“Do you have a boyfriend?”
No, but I talk to somebody.
“Is that your boyfriend?”
No, but we talk.
I was probably in high school when I first heard of the “talking stage”- which I can best define as a period of time where you are consistently hanging out with a guy or girl that you’re interested in, but not officially together. Not a relationship, but a “situationship”; which is a word I personally discovered in a Fabolous song. You’re together, but not together. Meaning that’s your man, but that’s not your man, get it?
As a young girl, a lot of coming-of-age sitcoms and movies that I watched focused a lot on the concept of “dating”- hanging out with and getting to know different people, in order to find out what you really want out of a guy/ girl. In my opinion, dating is the closest equivalent that I can personally think of in regards to the talking stage, yet talking seems to put a little twist on dating. That twist being that you can’t- rather shouldn’t “talk” to multiple people at once. Especially in a society such as ours where hook-up culture dominates the minds of many millennials- specifically in places like college campuses. This leaves many people stuck between a rock and a hard place because imagine being stuck in this stage with a person for a long period of time such as 6 months- a year. You hang out with this person consistently and don’t really hang out with anyone else, they make you feel exclusive and you feel that you’re basically in a relationship. Yet, you have an issue with something that the other person did, and all they reply is “you’re not my girl/ you’re not my man“. How exactly should one handle having girlfriend/boyfriend responsibilities and commitment, without being afforded the boyfriend/girlfriend title or exclusivity?
Are you single?
In my opinion, if you are stuck in a situationship, and are approached by someone and they ask if you’re single, you have every right to say yes. After all, if whoever you are dealing with never officially considered you their girlfriend or boyfriend and you never were afforded the opportunity to become that, then you are not spoken for in any way. Regardless of how often you guys see each other, hang out, and do whatever behind closed doors. Picture being stuck in a situationship for 1 year or two, where you don’t explore your options out of fear of losing the person you’re dealing with. You guys finally end up making things official and are a couple. Time goes by and you constantly wonder “what if?”, and feel like something is missing in your life. You feel like you missed out. It may seem to some that I’m trying to say that relationships are a form of imprisonment, but that’s not the case. I feel that they are a beautiful thing, but one needs to explore what else is out there, get to know themselves and others before settling down with just one.
In regards to my life, I personally feel that I am in the “dating stage”- attempting to get to know others- but most importantly myself.
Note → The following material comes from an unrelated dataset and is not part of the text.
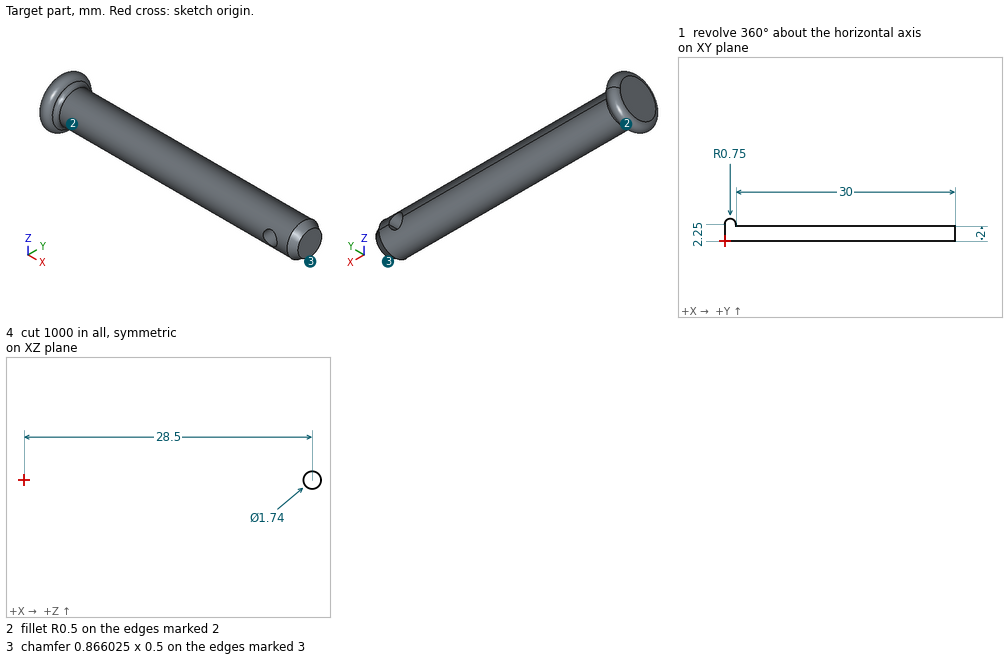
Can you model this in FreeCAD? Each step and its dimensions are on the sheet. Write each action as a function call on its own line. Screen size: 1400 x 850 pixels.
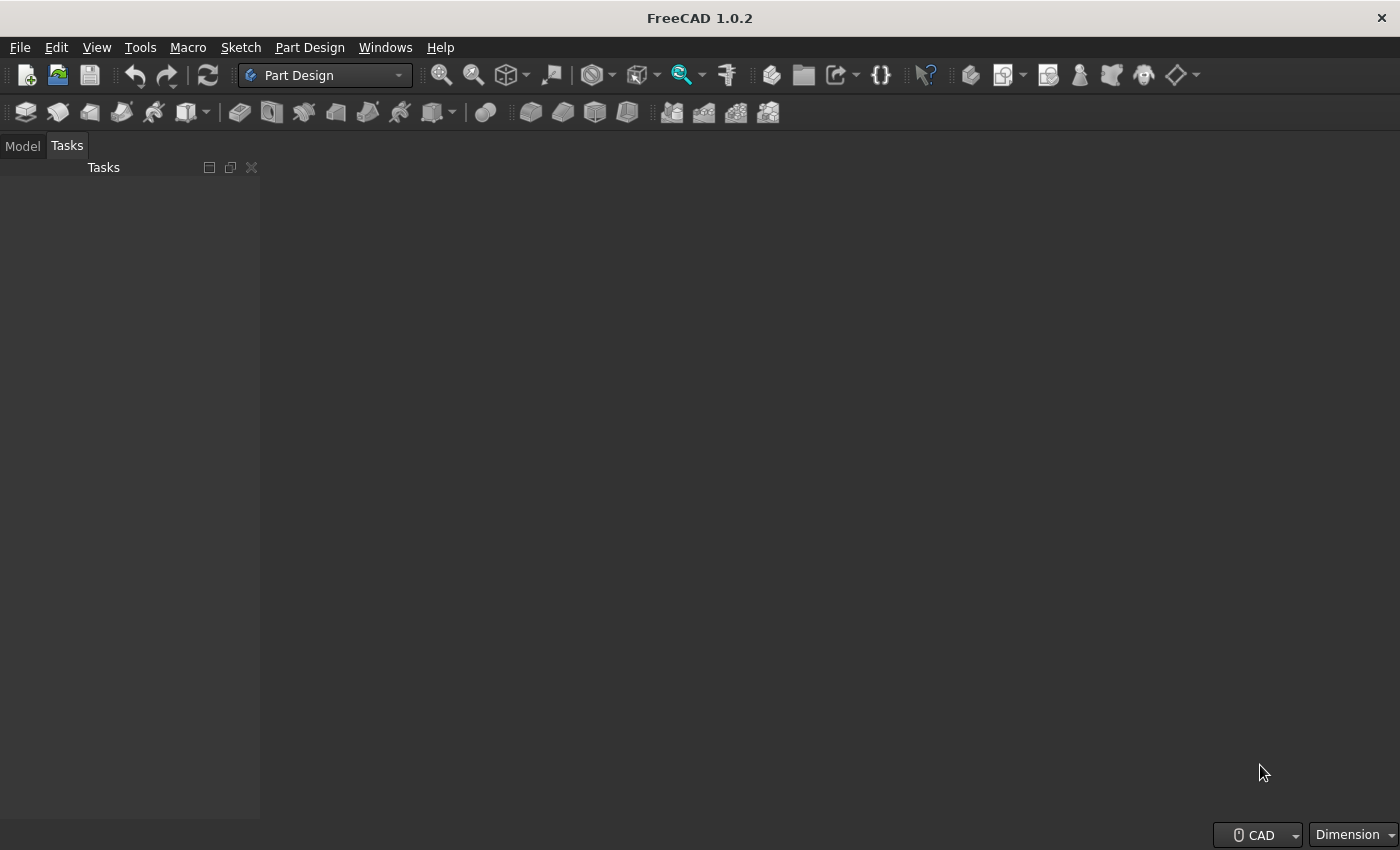
click(26, 76)

Regardless of how many dates I go on, how many conversations with the opposite sex that I hold- I still will not be ready to settle down until I know myself and what makes me happy first. I have witnessed people become heart broken and upset over the “talking stage”, yet I’ve also seen beautiful relationships form from it as well. The talking stage in a nutshell can be seen a grey area for relationships- it varies from person to person.